Noninvasive ventilation (NIV) is a cornerstone of treatment for patients with severe exacerbations of chronic obstructive pulmonary disease (COPD), where it has been shown to reduce the need for intubation, hospital length of stay, and mortality. Despite high-quality evidence and strong recommendations in clinical guidelines, use of NIV varies widely across hospitals.

Objectives:

To identify approaches used by hospitals that have been successful in implementing NIV to treat patients with severe exacerbations of COPD.

Methods:

Adopting a positive deviance approach, in-depth interviews were conducted with key stakeholders from a sample of high-performing hospitals selected from a large and representative network of 386 U.S. hospitals. High performers were defined as hospitals in which a high proportion of patients with COPD requiring mechanical ventilation were treated with NIV, and that also achieved low risk-adjusted mortality for all patients with COPD. Interviews were audio-recorded and transcribed verbatim. Themes and subthemes were identified through iterative readings of the transcripts and discussion until the team agreed that all important themes and subthemes had been identified. All transcripts were coded by three or four researchers. Differences in coding were discussed to negotiate consensus, resulting in a single agreed-on set of coded transcripts.

Results:

Interviews were conducted with 32 participants from seven hospitals. Hospitals were diverse regarding size, teaching status, and geographic location. Participants included respiratory therapists (n = 15), physicians (n = 10), and nurses (n = 7). The qualitative analyses revealed three interrelated domains that characterized effective NIV use: processes, structural elements, and contextual factors. Several themes comprised each domain. Key processes included timely identification of appropriate patients, early initiation of NIV, frequent reassessment of patients, and attention to patient comfort. Necessary structural elements included adequate equipment, sufficient numbers of qualified respiratory therapists, and flexibility in staffing.
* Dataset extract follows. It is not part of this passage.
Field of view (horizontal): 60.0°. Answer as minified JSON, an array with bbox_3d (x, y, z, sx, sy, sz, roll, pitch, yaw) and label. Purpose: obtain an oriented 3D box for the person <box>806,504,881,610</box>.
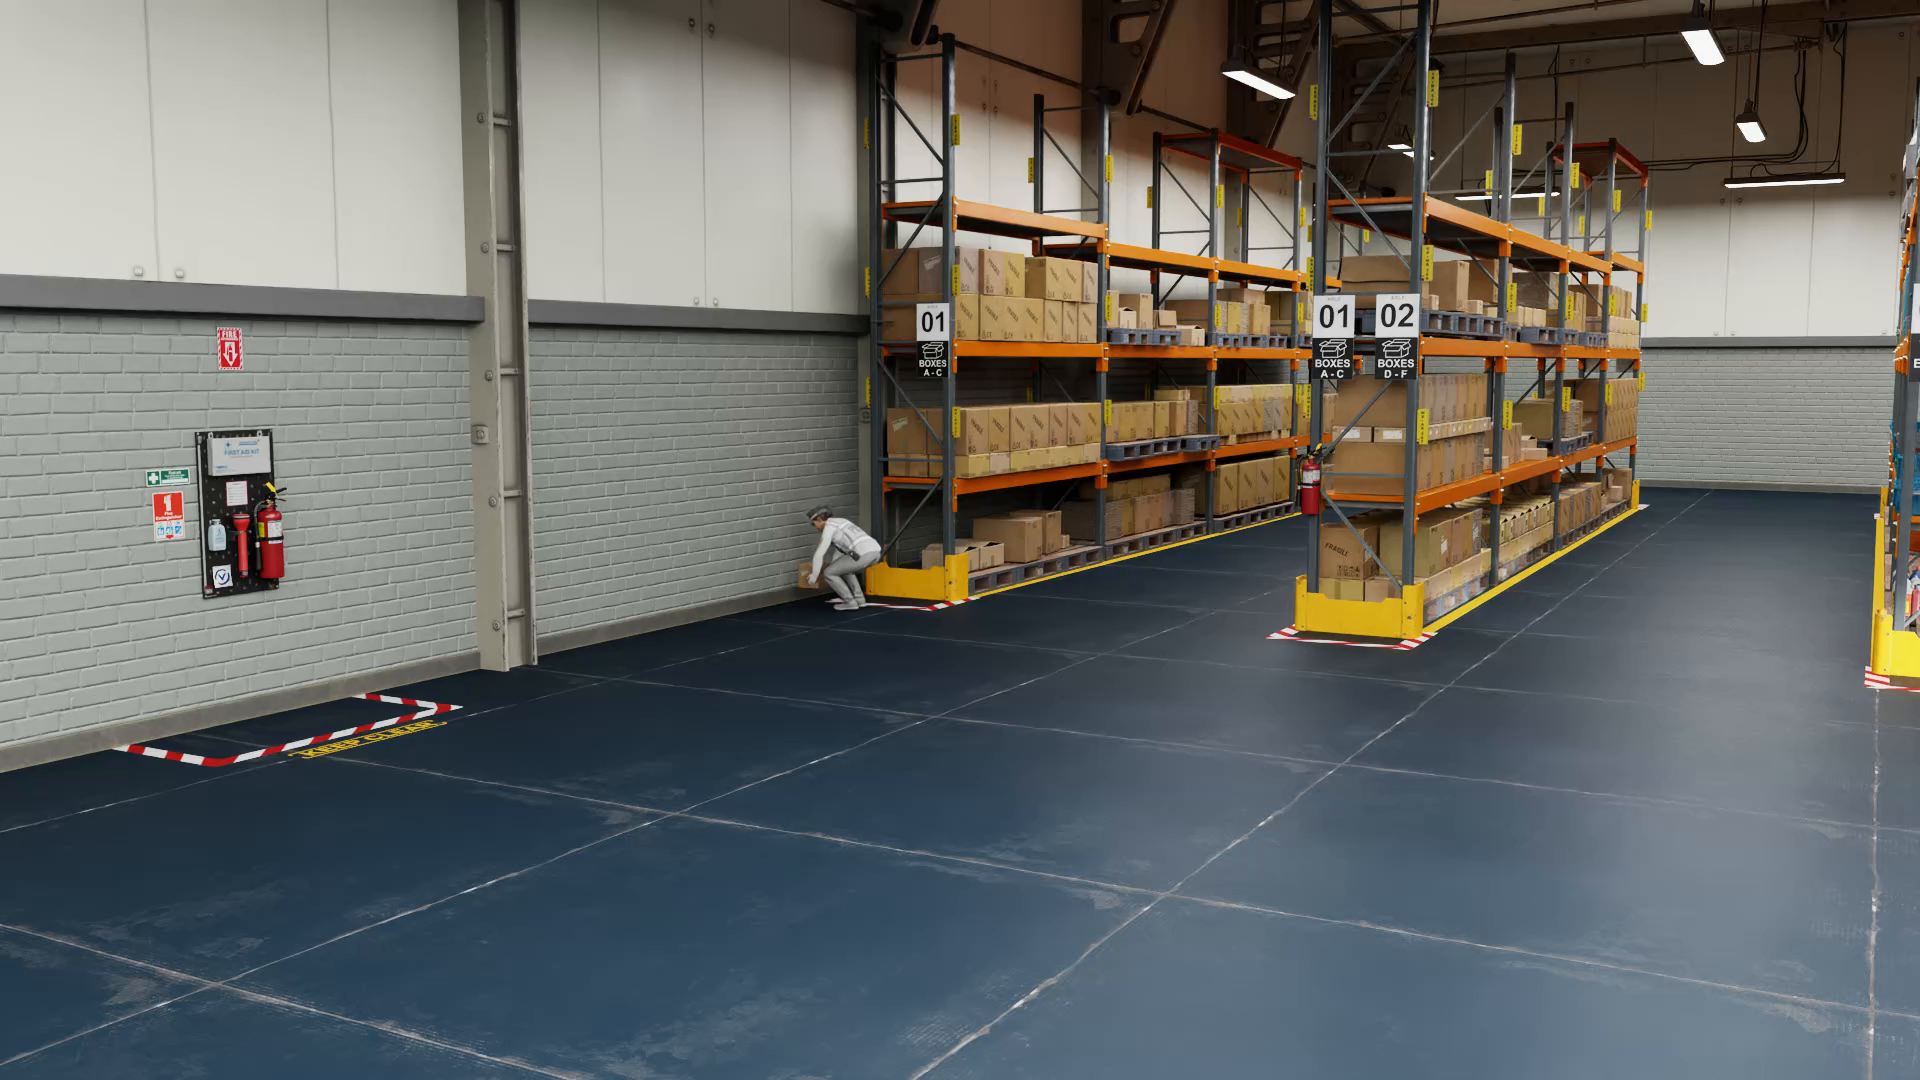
[{"bbox_3d":[-1.238,0.178,17.425,0.812,1.094,0.508,3,7,28],"label":"person"}]

Important contextual factors included provider buy-in, respiratory therapist autonomy, interdisciplinary teamwork, and staff education. Hospital leaders, policies, and protocols were identified as playing a supporting role in promoting essential elements.

Conclusions:

We identified factors, such as respiratory therapist autonomy, that facilitated essential processes (e.g., timely initiation) of NIV use at high-performing hospitals. These findings may be useful to hospitals seeking to optimize their use of NIV among patients with COPD.